Now if you are dangerous enough to remove the Li-Ion battery, LCD, and desolder the NAND Flash TSOPs then you will pretty much have a bare board. That’s what we’ll be showing you today. Let’s start with the back of the board – go ahead and click the pic for a little higher resolution if you need.
On the back of the board we can see the support hardware and ancillary bits.
- 1.3MP Camera with video function (no flash or torch light)
- MicroSD/TransFlash socket
- USB 2.0 port
- Video Out (and maybe IN) jack
- Headphone out jack
- Back of the Analog Joystick
- Footprint for Flash 2 extended storage
- CPU Serial Port – Note this location, folks. You’ll be soldering here soon!
Continuing on with the front of the PCB…
Fig 4 – Front of the PCB with all the cool bits labelled
Here we can see most of the interesting IC’s in the list of goodies.
- CPU – Sunplus SPMP8000A Media Processor (ARM926) with plenty of bells, whistles, and media-decoding subsystems to make it worth a second look.
- DDR – 16MB (boo) Hynix HY5DU561622ETP
- Flash 1 (Main Flash) – Can be various devices and sizes.
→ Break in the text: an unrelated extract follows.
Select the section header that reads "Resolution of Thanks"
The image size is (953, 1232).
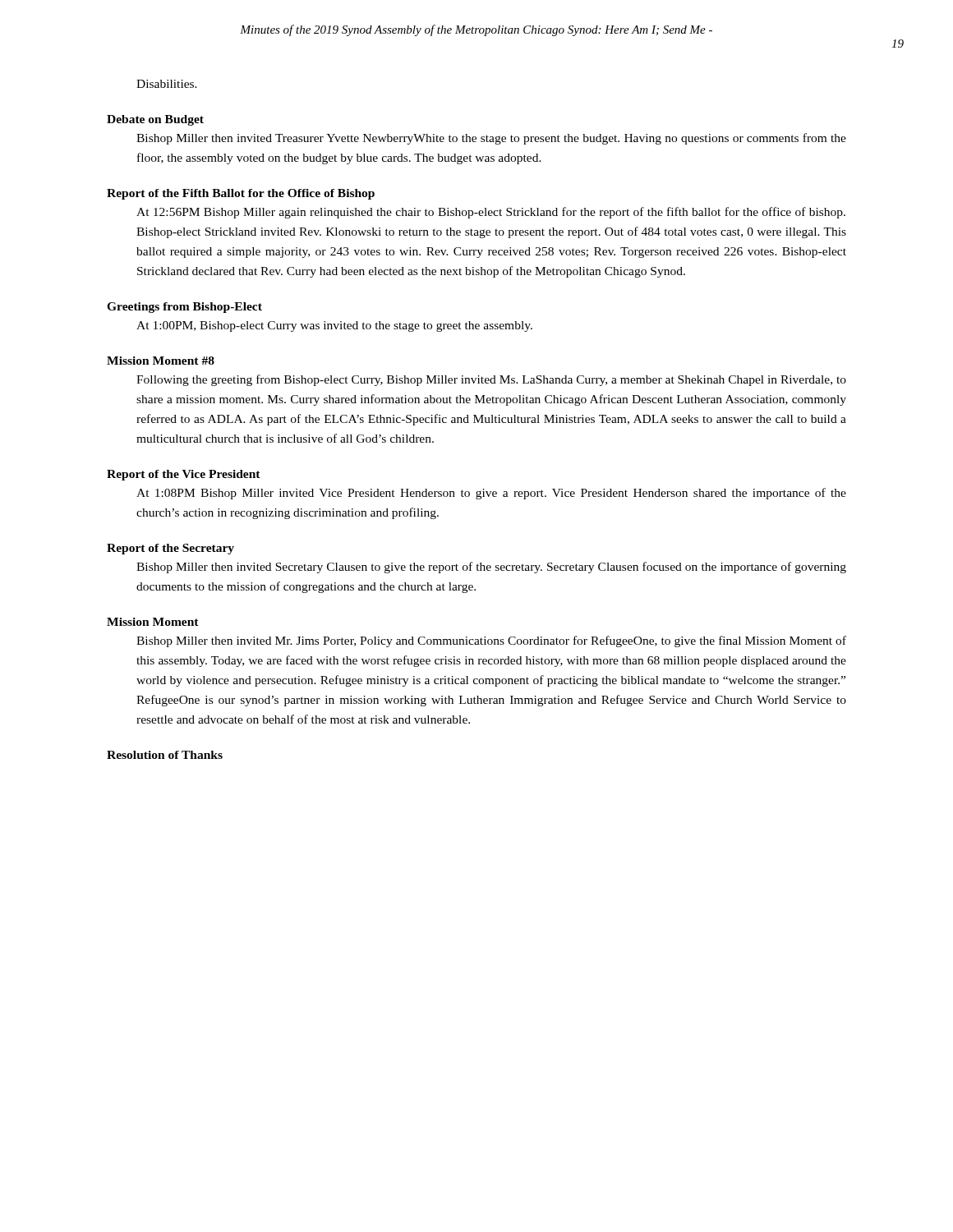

Ours was Hynix H27UAG8T2 2GB
- Analog Joystick ala PSP
Not bad. A nice, compact, low-cost system ripe for the hacking. This pretty much concludes our overview for today, so go start fetching datasheets and installing the ARM toolchains in preparation for some pretty deep hacking that’s about to take place. In order to whet your appetite, we’ll leave you with a few fun facts.
- Absolutely no firmware signing, checking, or security
- Built in bootloader accessed by plugging USB while holding a magic button, or by starting up or plugging USB with no flash or blank flash installed.
- Bootloader automatically executes anything you send to it, as the firmware updater consists of first sending a flashing program, then sending a flash image. What could be easier – you can run your own code in 30 seconds!